I noticed we still have 2 bits free in our character byte. So we used one of those bits to mark the last match in a list as the end of list (eliminating the end-of-list marker).
This resulted in our trie going from 4M down to 2.3M in RAM, compressed to 1.8M on disk. It takes 1-2 seconds to load.
Squeezing Further: 3-Byte Matchers
Squeezing further cuts both time and space. Can we lower our 4-byte matchers to 3-byte ones? Yes!
We measured – the largest jump value in our state machine was 3,999,632 out of a trie size of 4,016,128. But two bytes can only represent 64K (maybe 128K if we steal that last unused bit in the character).
That number, however, was the byte offset rather than the row number. We divided those jump values by 4 (since we had 4-byte matchers). That left our biggest jump being 999,908 (about 2^20). That’s still too big for 16 bits.
Why was the biggest jump so big? It was going from the Z for the first letter to the second letter of a word that started with Z. Since we generate the trie depth-first, we do the first letter, then all the words starting with A, then the ones B, etc.
We could rework the generator to see if depth-first would make it ok, but first we did a different analysis: after the 26 first-letter matchers, what was the largest jump? It was only 63,876 (for S) – comfortably under the 65,536 limit for 16 bits.
Going to 3 Bytes
So, we reworked the meaning of the offsets again. The first 26 needed 20 bits or more, so we gave them 3-byte entries that don’t have a character value (since we know that slot[n-1] contains the nth offset). Then we defined the other offsets to be 2-byte offsets, starting from where the first-letter offset sent them.
That looks like this:
Our final form, with 3-byte entries, takes 1.76M in RAM, and compresses to 1.4M on disk. As a bonus, it runs faster. I didn’t do enough measurement to know for sure, but I suspect that the quick lookup on the first character is what makes most of the difference (an array index, instead of a scan).

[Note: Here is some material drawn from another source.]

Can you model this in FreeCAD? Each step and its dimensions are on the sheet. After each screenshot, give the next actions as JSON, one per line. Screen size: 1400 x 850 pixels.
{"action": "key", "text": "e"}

Could we get down to 2-byte matches? Perhaps, but I’ll let someone else do that investigation:)
Conclusion: Evolutionary Refinement
Our needs evolved from “Is this a word?” to also asking “Is this the proper prefix of a word?”
Our data structure evolved too, maintaining the same abstract interface:
- Array with linear search (too slow)
- Array with binary search (better but still slow)

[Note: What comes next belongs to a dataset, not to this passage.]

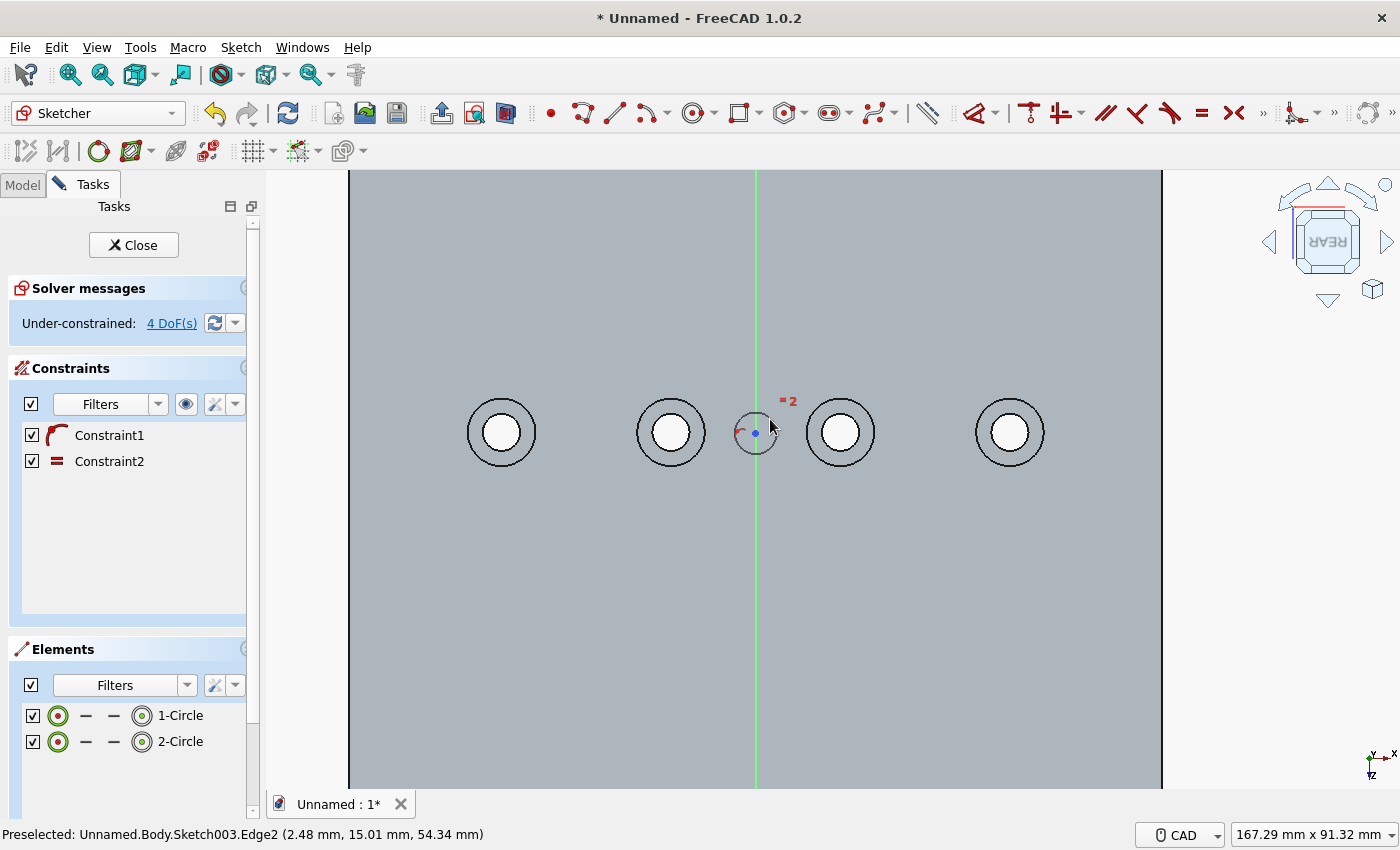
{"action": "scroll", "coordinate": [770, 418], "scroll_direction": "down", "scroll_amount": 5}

- Trie with direct representation (quick to use but slow to load)
- Trie with “squeezed” representation (faster to load)
- Trie with markers removed (notably less space)
- Trie with 3-byte matchers (less space again, somewhat faster)
What made this possible?
- A strong abstraction (search, search for a prefix).
- A stable of candidate data structures and algorithms, with tradeoffs. (See the article on set-based concurrent engineering for more examples.)
- A handful of optimization techniques.
This let us deliver a working solution early, followed by improvements on various dimensions.